• _WORK REQUIRED_
After going through the data below, state how many lines contain "closed", and nothing else.

DATA PROVIDED section start

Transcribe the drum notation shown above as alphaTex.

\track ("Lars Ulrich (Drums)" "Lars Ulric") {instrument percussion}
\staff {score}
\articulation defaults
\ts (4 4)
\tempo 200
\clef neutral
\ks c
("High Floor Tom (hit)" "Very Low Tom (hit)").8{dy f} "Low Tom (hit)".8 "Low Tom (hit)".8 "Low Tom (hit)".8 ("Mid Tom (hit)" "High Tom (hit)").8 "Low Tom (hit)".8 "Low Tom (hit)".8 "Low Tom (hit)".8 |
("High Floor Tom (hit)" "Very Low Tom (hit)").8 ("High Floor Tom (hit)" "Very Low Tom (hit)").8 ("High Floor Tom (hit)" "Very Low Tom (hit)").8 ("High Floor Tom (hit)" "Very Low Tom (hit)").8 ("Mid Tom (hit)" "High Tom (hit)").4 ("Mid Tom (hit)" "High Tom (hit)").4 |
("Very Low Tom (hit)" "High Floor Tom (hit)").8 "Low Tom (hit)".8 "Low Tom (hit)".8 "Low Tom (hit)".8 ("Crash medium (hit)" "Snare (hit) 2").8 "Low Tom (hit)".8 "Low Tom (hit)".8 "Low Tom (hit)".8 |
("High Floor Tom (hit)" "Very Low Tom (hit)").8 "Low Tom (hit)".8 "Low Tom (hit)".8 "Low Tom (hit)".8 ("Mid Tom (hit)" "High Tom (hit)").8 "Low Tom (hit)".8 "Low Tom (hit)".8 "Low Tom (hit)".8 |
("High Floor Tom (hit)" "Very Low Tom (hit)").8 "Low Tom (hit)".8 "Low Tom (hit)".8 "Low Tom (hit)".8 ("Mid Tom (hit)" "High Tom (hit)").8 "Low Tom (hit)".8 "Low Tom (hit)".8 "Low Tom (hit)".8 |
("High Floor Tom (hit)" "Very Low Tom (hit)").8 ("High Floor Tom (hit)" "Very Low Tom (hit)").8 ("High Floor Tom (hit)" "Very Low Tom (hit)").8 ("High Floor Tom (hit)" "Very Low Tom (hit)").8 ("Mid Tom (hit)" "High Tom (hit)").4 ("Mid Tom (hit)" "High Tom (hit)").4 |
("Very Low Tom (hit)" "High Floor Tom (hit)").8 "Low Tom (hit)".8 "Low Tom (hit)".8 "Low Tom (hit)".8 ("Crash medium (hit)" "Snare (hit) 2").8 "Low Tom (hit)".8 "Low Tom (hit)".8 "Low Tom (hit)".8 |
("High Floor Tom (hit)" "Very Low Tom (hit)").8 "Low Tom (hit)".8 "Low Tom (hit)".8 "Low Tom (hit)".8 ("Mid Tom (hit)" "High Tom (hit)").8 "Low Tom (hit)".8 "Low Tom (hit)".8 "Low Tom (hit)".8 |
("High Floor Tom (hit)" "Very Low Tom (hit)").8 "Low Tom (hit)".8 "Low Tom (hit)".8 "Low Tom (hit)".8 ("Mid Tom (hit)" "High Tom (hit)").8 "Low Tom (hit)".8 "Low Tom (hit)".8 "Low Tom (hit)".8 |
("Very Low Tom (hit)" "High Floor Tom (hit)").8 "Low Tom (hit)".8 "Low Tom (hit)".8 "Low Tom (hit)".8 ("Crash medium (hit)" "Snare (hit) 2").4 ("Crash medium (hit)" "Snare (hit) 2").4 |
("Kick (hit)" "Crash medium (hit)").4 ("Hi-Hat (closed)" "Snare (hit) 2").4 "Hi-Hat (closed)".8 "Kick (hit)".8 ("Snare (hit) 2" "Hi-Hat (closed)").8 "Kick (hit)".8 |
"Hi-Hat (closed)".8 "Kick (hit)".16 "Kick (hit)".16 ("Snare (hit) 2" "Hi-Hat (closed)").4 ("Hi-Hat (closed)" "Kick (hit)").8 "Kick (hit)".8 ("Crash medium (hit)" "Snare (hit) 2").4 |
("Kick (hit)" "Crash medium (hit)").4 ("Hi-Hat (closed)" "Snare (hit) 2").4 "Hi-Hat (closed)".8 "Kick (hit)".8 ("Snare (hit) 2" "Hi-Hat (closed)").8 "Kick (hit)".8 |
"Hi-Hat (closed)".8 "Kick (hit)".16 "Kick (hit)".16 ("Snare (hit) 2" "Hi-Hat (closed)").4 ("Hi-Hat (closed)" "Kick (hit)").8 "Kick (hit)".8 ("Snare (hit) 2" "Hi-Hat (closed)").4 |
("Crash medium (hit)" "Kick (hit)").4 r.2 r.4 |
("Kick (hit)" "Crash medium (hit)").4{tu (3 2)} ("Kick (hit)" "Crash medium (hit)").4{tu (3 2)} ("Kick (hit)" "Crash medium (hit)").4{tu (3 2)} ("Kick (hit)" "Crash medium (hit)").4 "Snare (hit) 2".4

DATA PROVIDED section end

• _THE COMPLETED TASK_
4